• [How to complete this task]: Return exactly the lines of the records below, starting at the line that contains "Answer: 31% How" and ending at the line that contains "Answer: 5 Which", with both of those lines kept.

Source data
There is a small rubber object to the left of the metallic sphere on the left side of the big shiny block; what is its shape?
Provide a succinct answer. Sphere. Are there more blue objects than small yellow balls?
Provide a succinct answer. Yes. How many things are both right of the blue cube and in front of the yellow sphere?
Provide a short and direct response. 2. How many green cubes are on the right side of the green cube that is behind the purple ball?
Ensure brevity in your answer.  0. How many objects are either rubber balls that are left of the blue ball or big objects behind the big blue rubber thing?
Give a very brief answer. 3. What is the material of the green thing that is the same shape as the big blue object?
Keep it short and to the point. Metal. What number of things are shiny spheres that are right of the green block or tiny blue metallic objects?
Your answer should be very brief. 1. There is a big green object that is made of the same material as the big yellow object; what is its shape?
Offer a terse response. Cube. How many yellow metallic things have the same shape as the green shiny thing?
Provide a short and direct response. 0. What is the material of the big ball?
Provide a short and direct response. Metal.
* * *
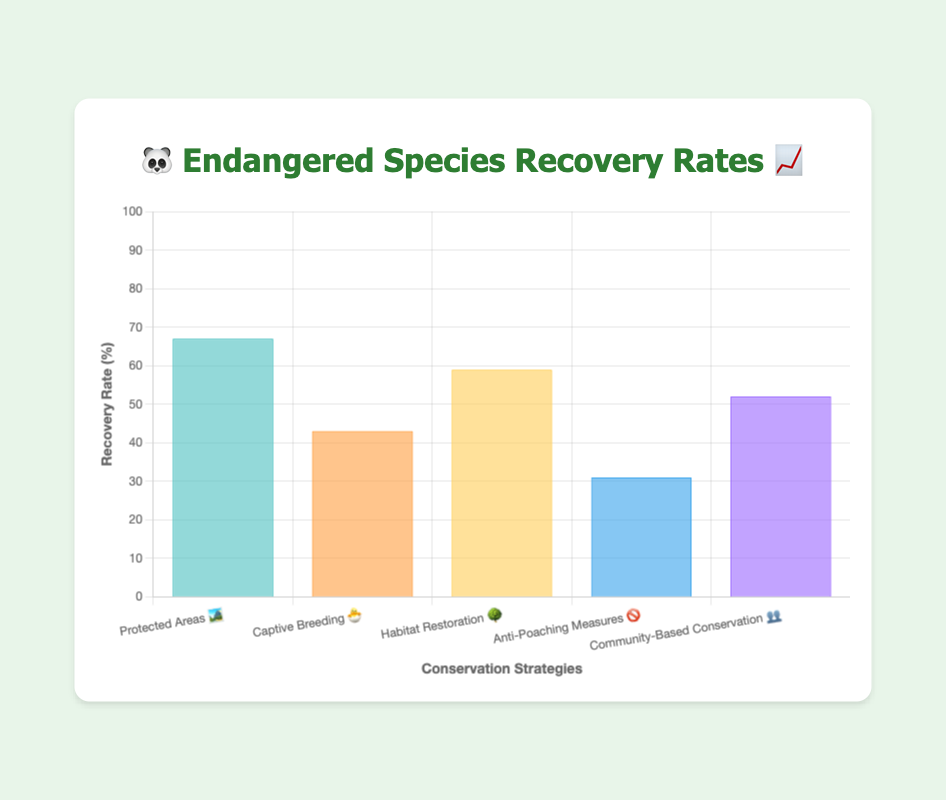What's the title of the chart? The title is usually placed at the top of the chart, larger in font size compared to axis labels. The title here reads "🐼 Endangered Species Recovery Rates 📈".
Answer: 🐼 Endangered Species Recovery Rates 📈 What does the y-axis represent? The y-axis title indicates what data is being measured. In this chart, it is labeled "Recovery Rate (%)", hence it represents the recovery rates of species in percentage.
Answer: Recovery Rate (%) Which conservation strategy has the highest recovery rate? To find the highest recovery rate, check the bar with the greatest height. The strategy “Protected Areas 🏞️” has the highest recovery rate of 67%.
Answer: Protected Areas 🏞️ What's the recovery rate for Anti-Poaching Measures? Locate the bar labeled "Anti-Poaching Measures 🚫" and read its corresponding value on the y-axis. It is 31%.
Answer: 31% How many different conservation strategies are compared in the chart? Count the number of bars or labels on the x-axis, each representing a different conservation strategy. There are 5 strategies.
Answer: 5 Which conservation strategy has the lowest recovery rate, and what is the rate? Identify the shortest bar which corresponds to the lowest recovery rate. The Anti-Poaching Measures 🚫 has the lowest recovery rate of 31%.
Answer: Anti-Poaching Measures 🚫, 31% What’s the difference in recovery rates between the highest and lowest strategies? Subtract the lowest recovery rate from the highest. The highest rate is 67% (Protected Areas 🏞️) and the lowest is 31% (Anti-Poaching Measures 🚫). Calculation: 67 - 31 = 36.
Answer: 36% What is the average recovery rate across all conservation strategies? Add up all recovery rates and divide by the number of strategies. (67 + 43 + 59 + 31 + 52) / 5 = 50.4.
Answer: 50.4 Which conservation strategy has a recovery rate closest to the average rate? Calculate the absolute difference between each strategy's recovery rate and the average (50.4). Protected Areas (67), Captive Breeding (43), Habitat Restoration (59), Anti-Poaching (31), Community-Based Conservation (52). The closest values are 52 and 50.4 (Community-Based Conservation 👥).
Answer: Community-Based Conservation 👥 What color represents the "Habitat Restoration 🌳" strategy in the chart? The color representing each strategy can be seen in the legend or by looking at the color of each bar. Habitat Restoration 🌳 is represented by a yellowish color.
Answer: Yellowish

• [Exercise answer]:
Answer: 31% How many different conservation strategies are compared in the chart? Count the number of bars or labels on the x-axis, each representing a different conservation strategy. There are 5 strategies.
Answer: 5 Which conservation strategy has the lowest recovery rate, and what is the rate? Identify the shortest bar which corresponds to the lowest recovery rate. The Anti-Poaching Measures 🚫 has the lowest recovery rate of 31%.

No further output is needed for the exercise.